# Music Anyone?



## JKD_Silat (Mar 4, 2005)

I'm newb here, so please forgive me if this was the topic of a past thread. What music , if any do you guys listen to while training? For South East Asian arts, we listen to traditional Phillipino percussions. For JKD, we blast everything from classis rock, techno, speed metal, to underground hip hop, depending on who is instructing in any given class. Its kinda funny, when I'm shadowboxing, or working my heavy bag at home, I often still hear the music pulsating in my head, and it really helps my rhythm!
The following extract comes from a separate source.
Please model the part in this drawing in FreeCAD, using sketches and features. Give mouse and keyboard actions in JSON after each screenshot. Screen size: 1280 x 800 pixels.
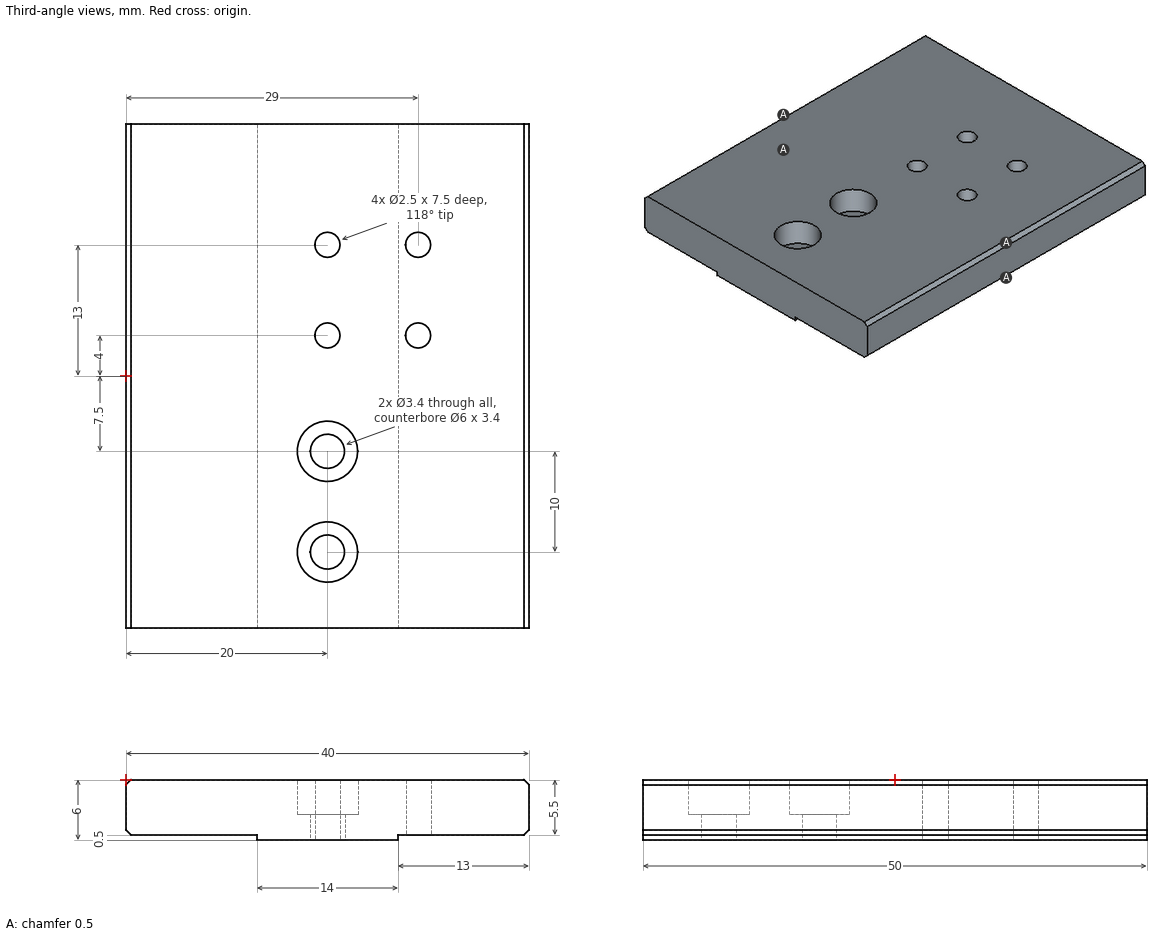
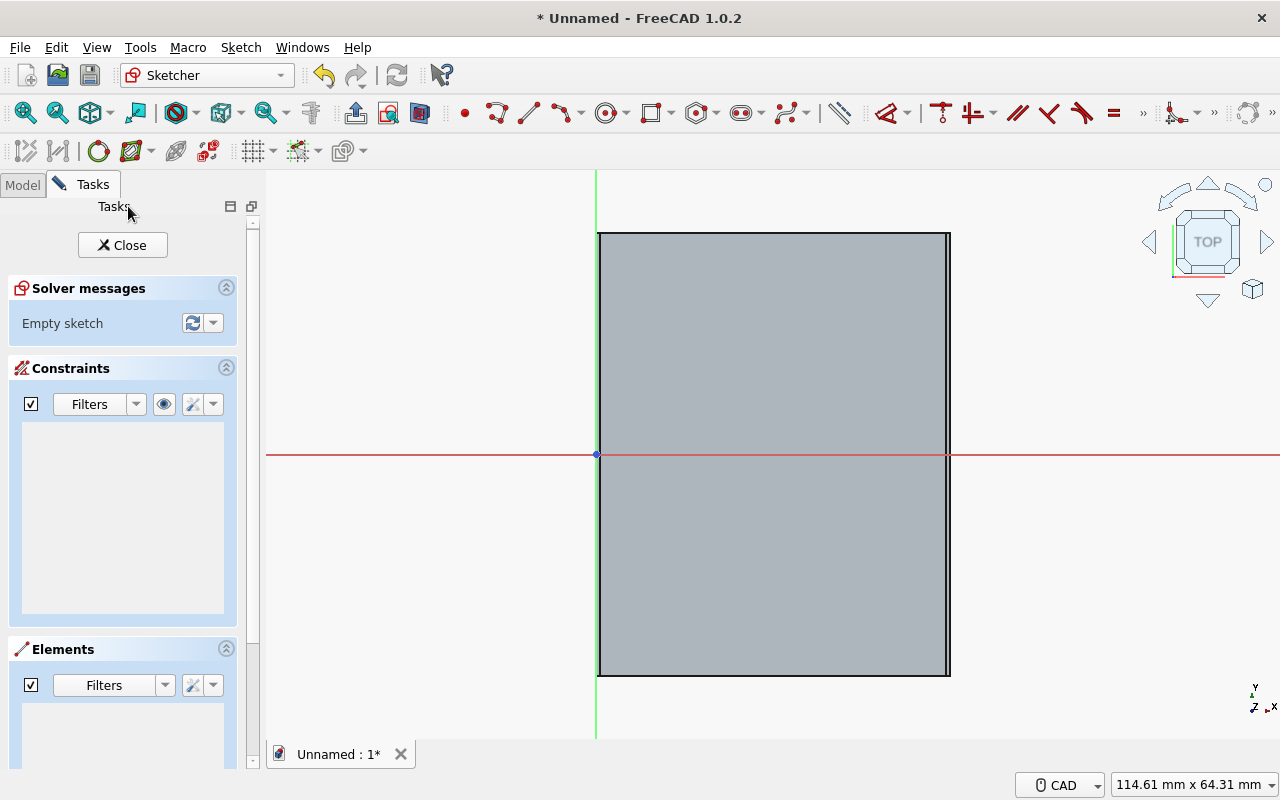
{"action": "scroll", "coordinate": [682, 609], "scroll_direction": "up", "scroll_amount": 4}

Guess thats better than the voices that were there before......


----------



## James Kovacich (Mar 4, 2005)

JKD_Silat said:
			
		

> I'm newb here, so please forgive me if this was the topic of a past thread. What music , if any do you guys listen to while training? For South East Asian arts, we listen to traditional Phillipino percussions. For JKD, we blast everything from classis rock, techno, speed metal, to underground hip hop, depending on who is instructing in any given class. Its kinda funny, when I'm shadowboxing, or working my heavy bag at home, I often still hear the music pulsating in my head, and it really helps my rhythm! Guess thats better than the voices that were there before......
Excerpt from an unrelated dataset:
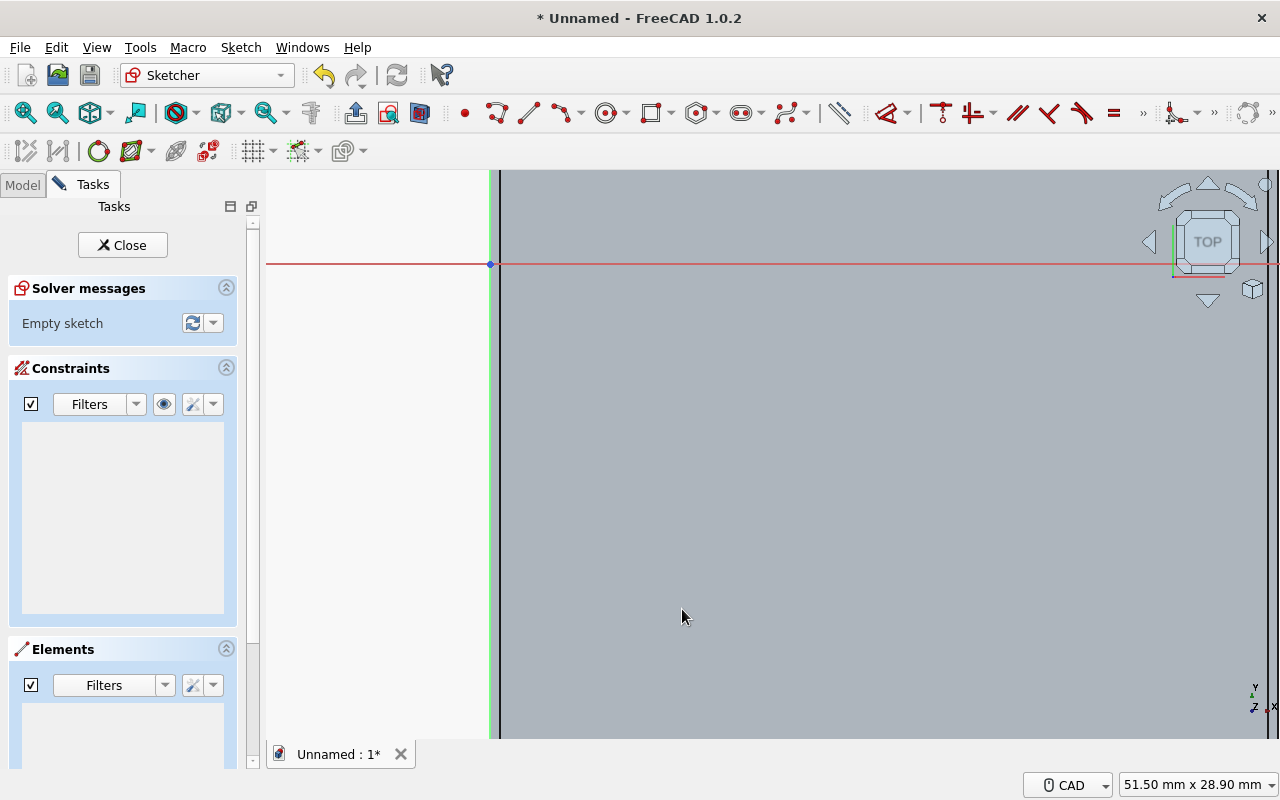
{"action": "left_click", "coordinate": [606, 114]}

The beat can help. Pure congas allow the beat to flow without the distarction of listening to a song.


----------



## KenpoNoChikara (Mar 12, 2005)

Industrial, it's great for practicing


----------



## arnisador (Mar 29, 2005)

My JKD instructor tends to play classic rock during training. Rarely, the drums.


----------



## bart (Mar 29, 2005)

During my eskrima class I play a cd called Sabla Tolo 2 by Hassam Ramzy. He does traditional arabic percussion. It gives a nice beat to the class that doesn't cause a distraction. He also has a nice flamenco cd out called Flamenco Arabe that does pretty nice too.


----------



## JPR (Mar 30, 2005)

I rarely notice the music, I just train.

 JPR


----------



## Nanalo74 (Mar 30, 2005)

Cuda plays jazz when we train. He can get more in-depth as to why, but basically it has to do with the improvisational nature of jazz. The broken rythm, half-beats, etc. that you find there. 
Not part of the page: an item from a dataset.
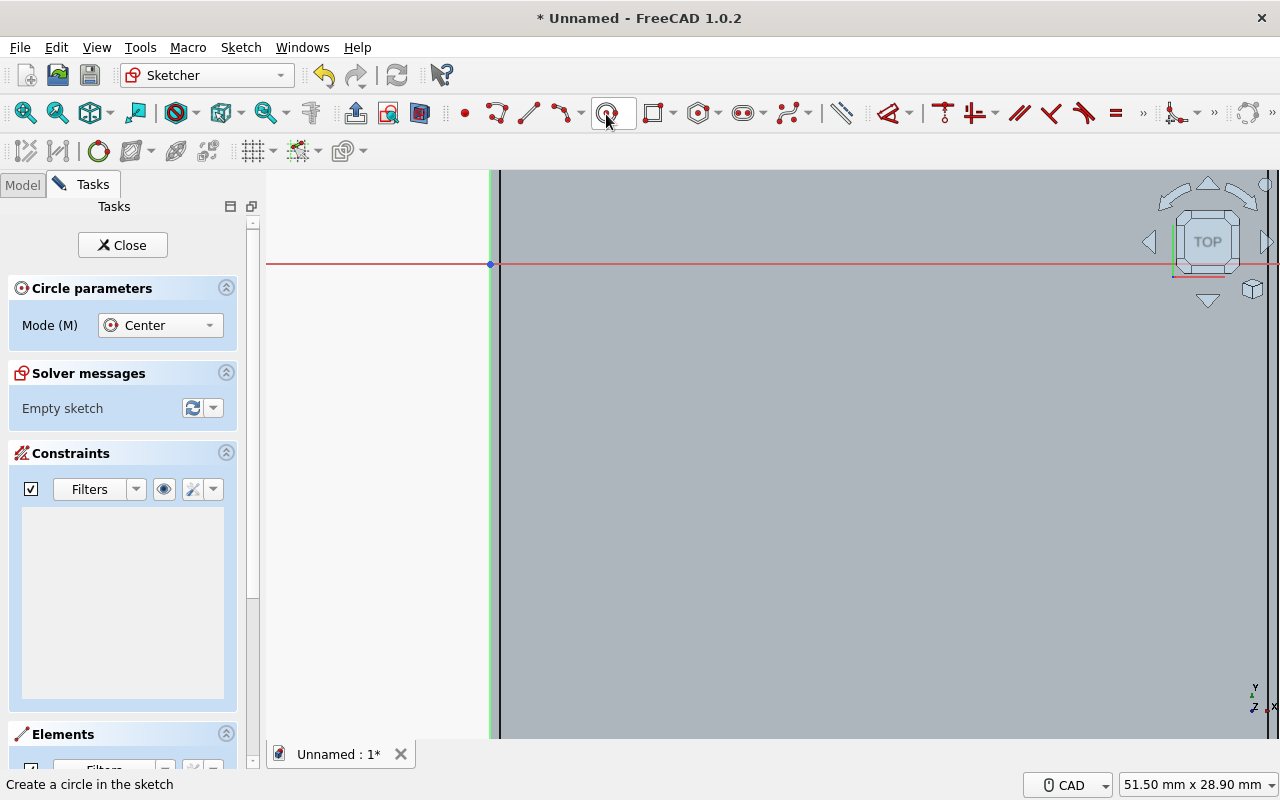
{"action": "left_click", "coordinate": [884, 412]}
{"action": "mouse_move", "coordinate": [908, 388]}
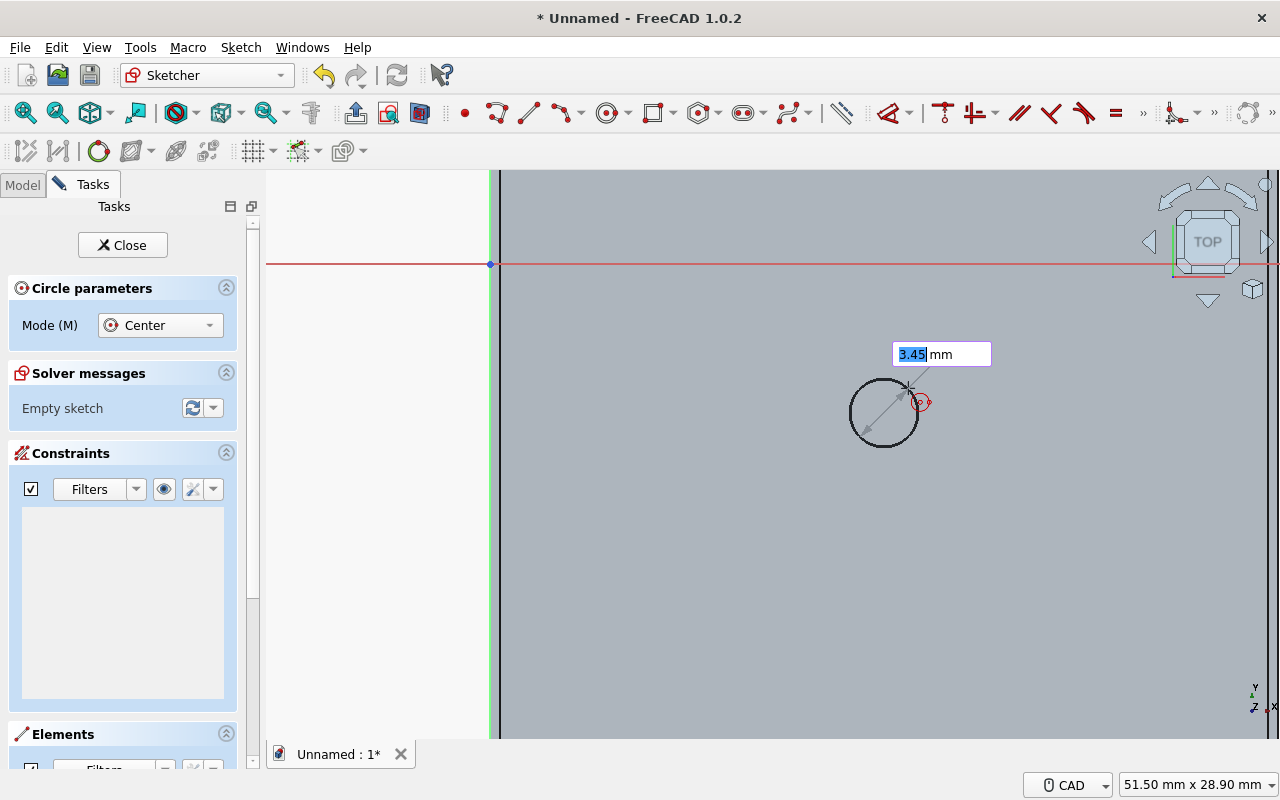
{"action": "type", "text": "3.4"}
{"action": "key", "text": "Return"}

Personally, I like classic rock (gotta get the Led out) and latin music (specifically salsa) and latin jazz (Tito Puente, Arturo Sandoval).

Vic www.combatartsusa.com


----------



## beauty_in_the_sai (May 2, 2005)

I like doing martial arts to music. It helps me get lost in the art and think of nothing else for some reason. I mainly listen to New Age, like Enya and enigma when I do martial arts. For faster, harder training, Evanescence.


----------



## jkdhit (Jun 6, 2005)

there are a few i listen to that are more related to rock and some inspirational. i mainly use them for the beat to work on footwork and speed


----------



## Gary Crawford (Jun 6, 2005)

I almost always train with music,but nothing stops "the voices"


----------



## evenflow1121 (Jun 6, 2005)

I have a lot of classic rock on my Ipod, I use that when I am hitting the bag.


----------